Description du livre
La bioinformatique est un domaine intégrateur de l'informatique, de la génétique, de la génomique, de la protéomique et des statistiques, qui a sans aucun doute révolutionné l'étude de la biologie et de la médecine au cours des dernières décennies. Il aide principalement à la modélisation, à la prévision et à l'interprétation de grandes données biologiques multidimensionnelles en utilisant des méthodes de calcul avancées. Malgré son énorme potentiel, la bioinformatique n'est pas largement intégrée dans le programme d'études universitaires car la plupart des étudiants et des chercheurs en sciences de la vie ne disposent pas encore des connaissances nécessaires pour tirer parti de ce puissant outil. Le but premier de notre livre est donc de compléter ce besoin non satisfait en offrant une plateforme facilement accessible aux étudiants et aux chercheurs qui commencent leur carrière dans les sciences de la vie. Ce livre vise à éviter les algorithmes de calcul et la programmation sophistiqués. Il se concentrera plutôt sur l'analyse et l'interprétation simples des données biologiques à l'aide d'ordinateurs personnels. Nous croyons qu'une fois que les débutants auront acquis ces compétences de base, ils seront en mesure de manipuler la plupart des outils bioinformatiques pour leur travail de recherche et de mieux comprendre les résultats de leurs expériences.

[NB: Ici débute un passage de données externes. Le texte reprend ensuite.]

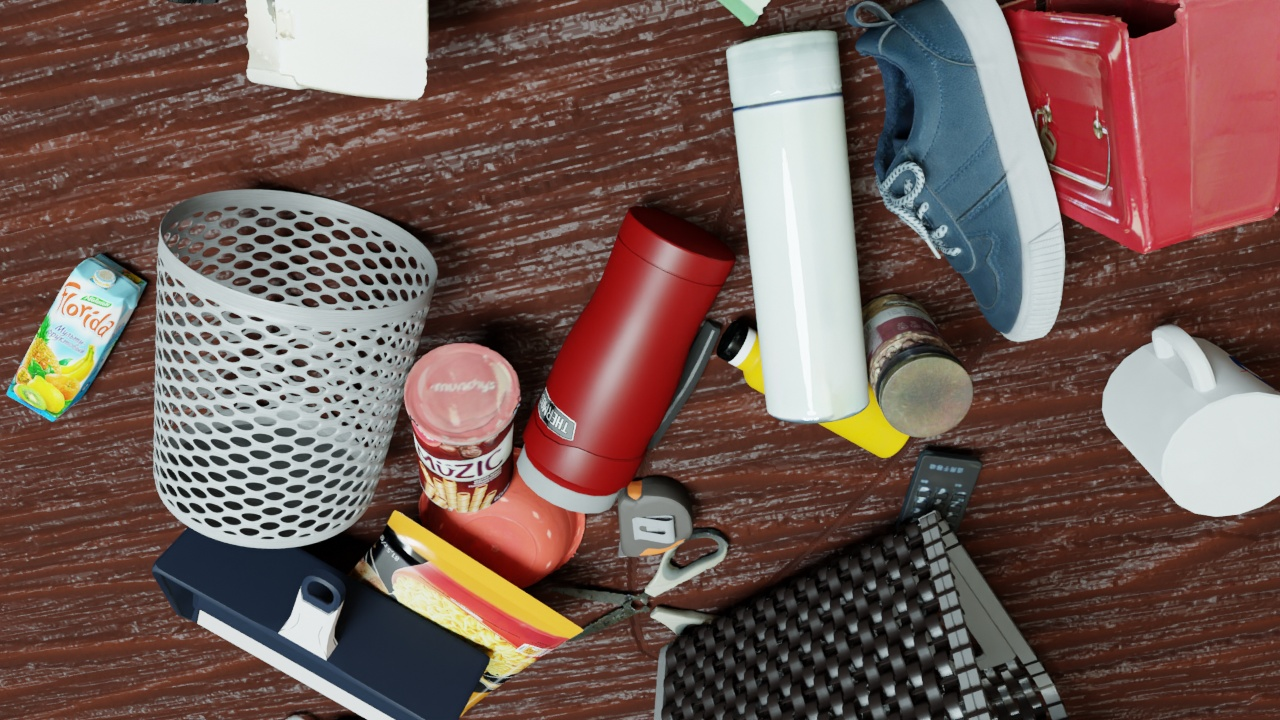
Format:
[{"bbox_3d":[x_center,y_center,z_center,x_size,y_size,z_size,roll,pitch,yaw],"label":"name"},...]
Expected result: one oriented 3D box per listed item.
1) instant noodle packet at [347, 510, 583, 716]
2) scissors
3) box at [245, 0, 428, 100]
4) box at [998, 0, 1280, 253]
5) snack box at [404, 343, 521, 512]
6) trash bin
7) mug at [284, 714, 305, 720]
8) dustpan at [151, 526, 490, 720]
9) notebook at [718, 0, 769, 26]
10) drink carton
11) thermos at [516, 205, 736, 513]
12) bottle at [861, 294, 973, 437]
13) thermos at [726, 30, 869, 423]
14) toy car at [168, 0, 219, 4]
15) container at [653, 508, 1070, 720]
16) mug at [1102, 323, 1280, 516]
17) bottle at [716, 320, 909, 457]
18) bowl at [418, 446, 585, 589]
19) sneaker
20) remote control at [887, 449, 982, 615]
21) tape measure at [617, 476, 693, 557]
[{"bbox_3d":[-0.165,0.211,0.720,0.160,0.032,0.221,36,130,-11],"label":"instant noodle packet"},{"bbox_3d":[0.017,0.196,0.747,0.157,0.012,0.171,36,111,-14],"label":"scissors"},{"bbox_3d":[-0.158,-0.199,0.458,0.105,0.186,0.144,13,122,12],"label":"box"},{"bbox_3d":[0.267,-0.143,0.502,0.087,0.157,0.129,-14,116,2],"label":"box"},{"bbox_3d":[-0.119,0.049,0.620,0.072,0.072,0.122,10,148,-3],"label":"snack box"},{"bbox_3d":[-0.227,0.007,0.590,0.156,0.156,0.184,17,117,-6],"label":"trash bin"},{"bbox_3d":[-0.279,0.370,0.809,0.119,0.084,0.100,40,127,16],"label":"mug"},{"bbox_3d":[-0.237,0.205,0.666,0.236,0.079,0.274,30,127,-2],"label":"dustpan"},{"bbox_3d":[0.024,-0.337,0.497,0.252,0.010,0.182,36,112,-14],"label":"notebook"},{"bbox_3d":[-0.396,-0.016,0.644,0.044,0.038,0.129,36,111,-14],"label":"drink carton"},{"bbox_3d":[-0.004,0.004,0.625,0.108,0.084,0.199,7,118,-39],"label":"thermos"},{"bbox_3d":[0.174,0.001,0.599,0.056,0.105,0.056,1,115,1],"label":"bottle"},{"bbox_3d":[0.098,-0.079,0.562,0.068,0.067,0.230,-7,102,5],"label":"thermos"},{"bbox_3d":[-0.287,-0.240,0.530,0.100,0.048,0.051,11,116,-3],"label":"toy car"},{"bbox_3d":[0.169,0.305,0.656,0.244,0.245,0.247,-28,116,22],"label":"container"},{"bbox_3d":[0.372,0.030,0.616,0.091,0.090,0.121,-25,112,12],"label":"mug"},{"bbox_3d":[0.121,0.018,0.643,0.143,0.043,0.043,28,113,-11],"label":"bottle"},{"bbox_3d":[-0.109,0.131,0.702,0.130,0.045,0.131,1,116,1],"label":"bowl"},{"bbox_3d":[0.190,-0.109,0.559,0.087,0.089,0.236,-20,108,7],"label":"sneaker"},{"bbox_3d":[0.217,0.133,0.708,0.047,0.022,0.150,8,117,-3],"label":"remote control"},{"bbox_3d":[0.011,0.121,0.698,0.059,0.038,0.058,-2,115,3],"label":"tape measure"}]

Le troisième volume est intitulé In Silico Life Sciences : L'agriculture. Il se concentre sur les données phytogénétiques, génomiques, transcriptomiques, protéomiques et métabolomiques. À l'aide d'exemples de nouvelles maladies des cultures - l'émergence, la productivité des cultures et la tolérance au stress biotique/abiotique - ce livre illustre comment la bioinformatique peut faire partie intégrante de la recherche moderne en sciences végétales.